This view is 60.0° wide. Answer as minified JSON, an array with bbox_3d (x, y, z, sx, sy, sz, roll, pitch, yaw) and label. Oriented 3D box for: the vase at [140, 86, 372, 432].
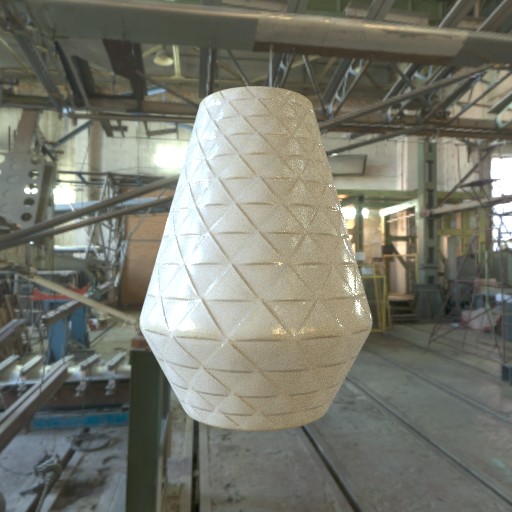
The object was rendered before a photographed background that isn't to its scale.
[{"bbox_3d":[0.000,0.000,0.344,0.175,0.230,0.175,0,-1,0],"label":"vase"}]
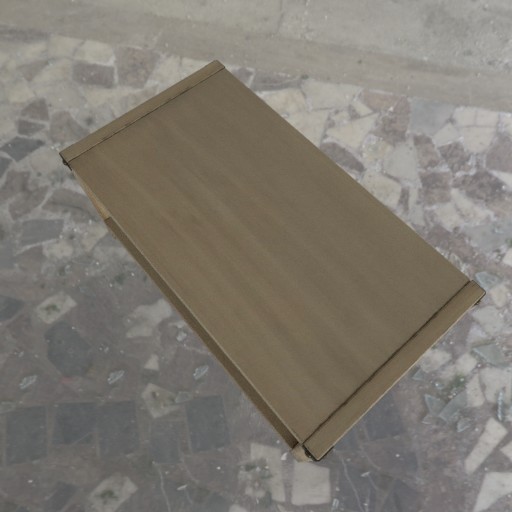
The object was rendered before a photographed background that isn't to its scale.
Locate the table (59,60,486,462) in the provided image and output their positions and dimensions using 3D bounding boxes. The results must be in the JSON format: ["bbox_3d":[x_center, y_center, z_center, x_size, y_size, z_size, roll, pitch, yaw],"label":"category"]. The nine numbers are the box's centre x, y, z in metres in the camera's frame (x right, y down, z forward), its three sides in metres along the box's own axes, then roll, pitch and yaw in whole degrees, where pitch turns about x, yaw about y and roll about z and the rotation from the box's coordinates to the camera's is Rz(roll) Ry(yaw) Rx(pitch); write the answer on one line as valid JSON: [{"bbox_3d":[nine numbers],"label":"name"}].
[{"bbox_3d":[0.000,0.000,1.313,0.559,0.456,1.016,-38,70,-16],"label":"table"}]
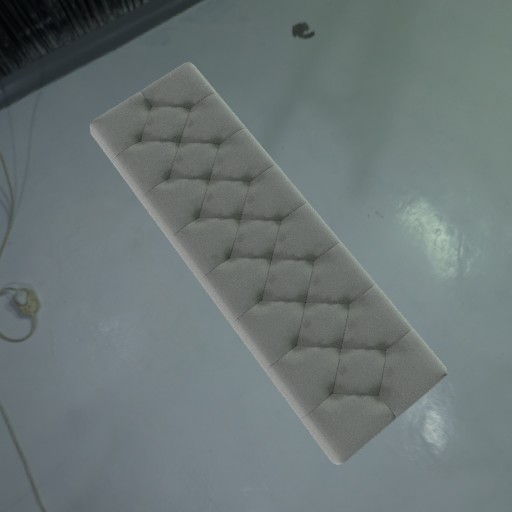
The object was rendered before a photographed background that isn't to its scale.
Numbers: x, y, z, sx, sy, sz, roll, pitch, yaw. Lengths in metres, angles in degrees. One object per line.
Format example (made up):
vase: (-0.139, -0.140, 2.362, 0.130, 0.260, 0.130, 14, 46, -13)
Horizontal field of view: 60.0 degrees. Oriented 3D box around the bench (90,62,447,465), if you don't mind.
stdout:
bench: (0.000, 0.000, 1.745, 0.479, 0.488, 1.488, -36, 78, -9)
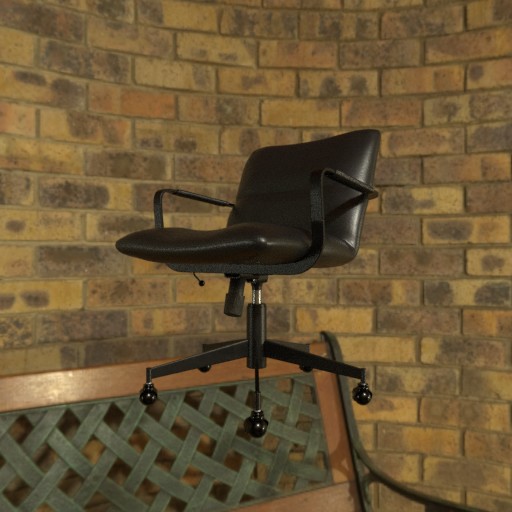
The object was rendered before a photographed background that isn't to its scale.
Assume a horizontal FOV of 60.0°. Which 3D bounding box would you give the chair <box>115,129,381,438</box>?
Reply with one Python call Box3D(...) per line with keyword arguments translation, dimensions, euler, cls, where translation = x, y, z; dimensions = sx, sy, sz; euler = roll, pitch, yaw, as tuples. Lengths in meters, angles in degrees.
Box3D(translation=(0.000, 0.000, 1.472), dimensions=(0.719, 0.922, 0.748), euler=(0, 0, 36), cls="chair")
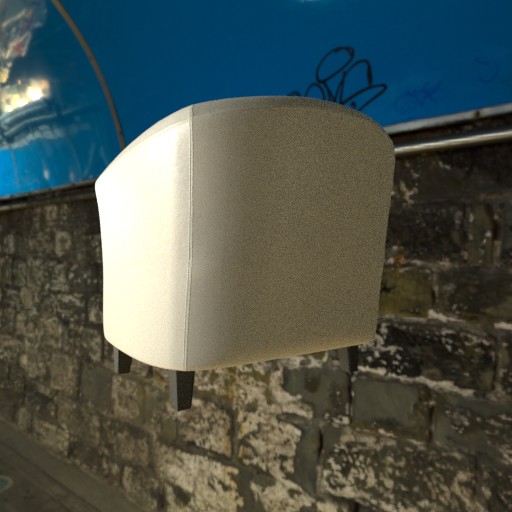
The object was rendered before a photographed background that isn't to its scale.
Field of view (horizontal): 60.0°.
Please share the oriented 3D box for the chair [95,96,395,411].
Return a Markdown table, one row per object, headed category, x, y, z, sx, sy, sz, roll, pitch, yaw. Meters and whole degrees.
| category | x | y | z | sx | sy | sz | roll | pitch | yaw |
| --- | --- | --- | --- | --- | --- | --- | --- | --- | --- |
| chair | 0.000 | 0.000 | 1.366 | 0.792 | 0.756 | 0.727 | 0 | 0 | -36 |
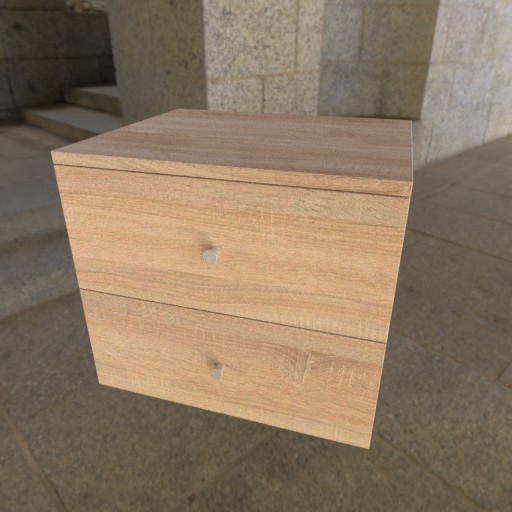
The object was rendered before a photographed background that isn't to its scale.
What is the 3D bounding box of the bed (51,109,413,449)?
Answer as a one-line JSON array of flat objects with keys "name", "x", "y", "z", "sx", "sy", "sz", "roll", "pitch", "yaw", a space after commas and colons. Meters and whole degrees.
[{"name": "bed", "x": 0.000, "y": 0.000, "z": 0.779, "sx": 0.460, "sy": 0.420, "sz": 0.401, "roll": 8, "pitch": 28, "yaw": 15}]
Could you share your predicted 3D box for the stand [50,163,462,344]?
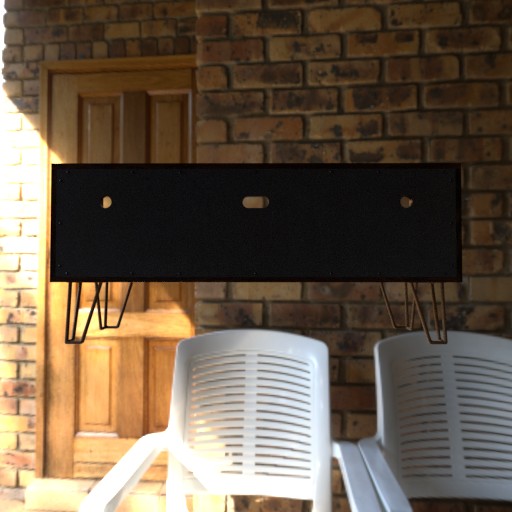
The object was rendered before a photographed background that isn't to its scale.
[{"bbox_3d":[0.000,0.000,1.714,1.372,0.610,0.481,0,-2,0],"label":"stand"}]
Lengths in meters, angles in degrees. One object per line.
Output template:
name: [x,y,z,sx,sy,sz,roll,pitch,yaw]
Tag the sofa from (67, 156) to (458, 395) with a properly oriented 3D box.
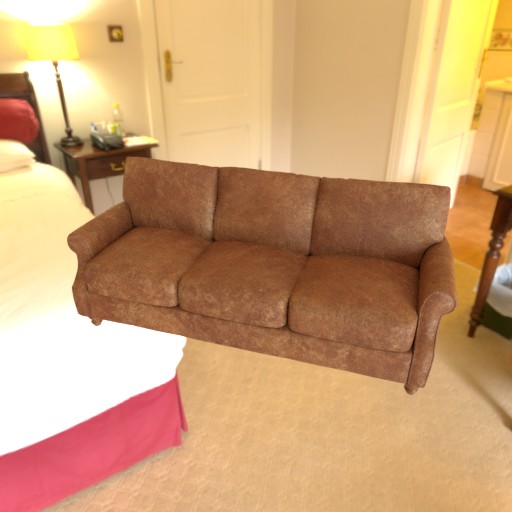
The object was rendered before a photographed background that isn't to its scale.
sofa: [0.000,0.000,2.849,2.351,0.977,0.973,9,29,16]
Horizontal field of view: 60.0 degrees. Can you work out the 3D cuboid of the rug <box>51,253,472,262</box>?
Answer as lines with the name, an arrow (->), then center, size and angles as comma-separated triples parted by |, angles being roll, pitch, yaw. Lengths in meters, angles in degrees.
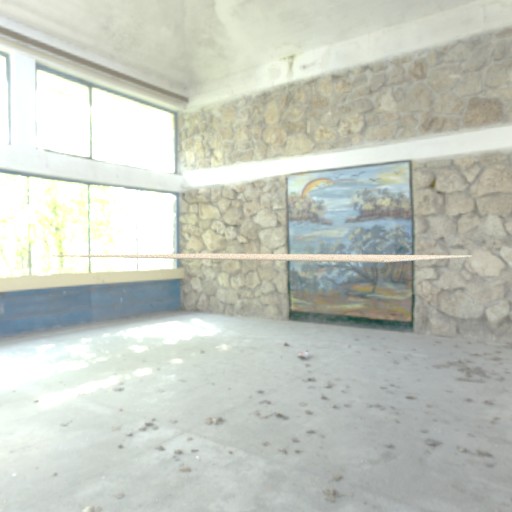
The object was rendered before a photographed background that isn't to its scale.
rug -> 0.000, 0.000, 2.309 | 1.828, 0.007, 1.220 | 1, 1, 37
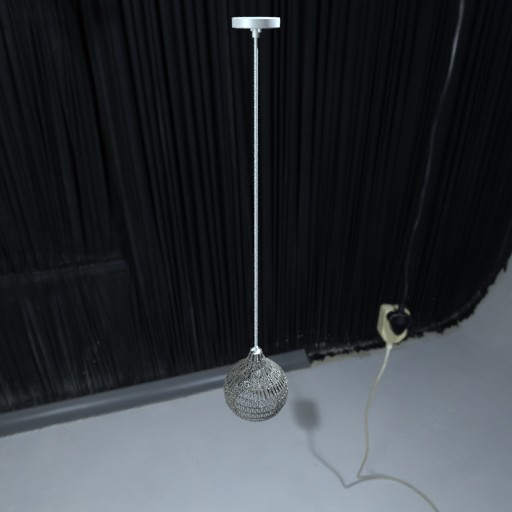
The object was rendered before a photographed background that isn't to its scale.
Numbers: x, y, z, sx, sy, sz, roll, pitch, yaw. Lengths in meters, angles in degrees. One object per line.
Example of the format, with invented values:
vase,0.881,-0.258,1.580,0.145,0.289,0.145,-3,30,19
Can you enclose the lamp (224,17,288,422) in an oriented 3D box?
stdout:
lamp,0.000,0.000,2.027,0.355,1.919,0.355,-8,31,-14
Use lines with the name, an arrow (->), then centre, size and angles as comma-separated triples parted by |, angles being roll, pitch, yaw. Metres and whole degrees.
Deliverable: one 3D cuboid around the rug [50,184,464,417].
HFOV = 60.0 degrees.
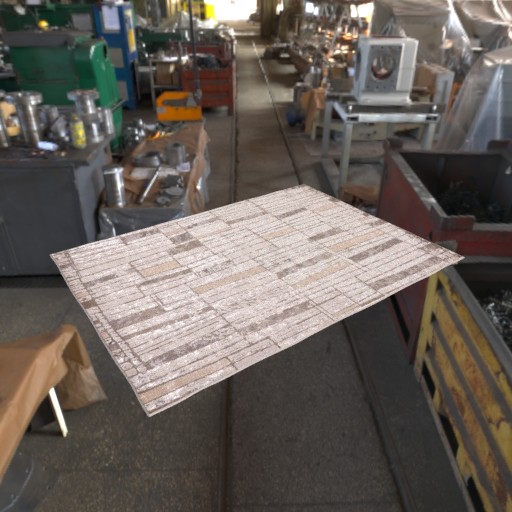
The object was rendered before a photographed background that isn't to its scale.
rug -> 0.000, 0.000, 4.423 | 3.357, 0.019, 2.449 | -20, 36, -30
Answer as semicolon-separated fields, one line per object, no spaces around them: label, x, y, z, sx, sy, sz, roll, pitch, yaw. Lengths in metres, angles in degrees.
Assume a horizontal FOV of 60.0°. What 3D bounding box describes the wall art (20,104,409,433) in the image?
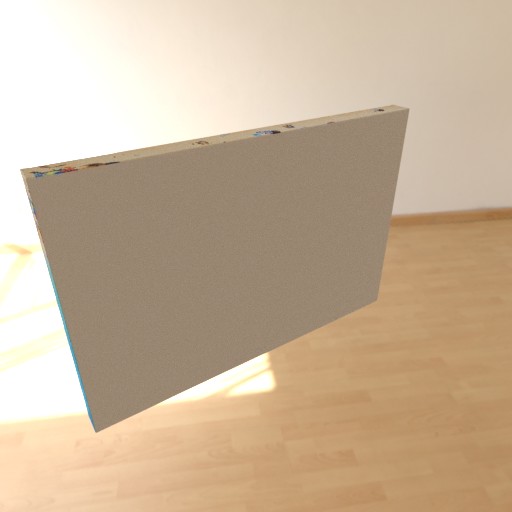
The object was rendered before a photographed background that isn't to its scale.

+===+

__Instructions to follow__
Tally the lines in the records that hold the word "being". Give only the total.

__Expected answer__
2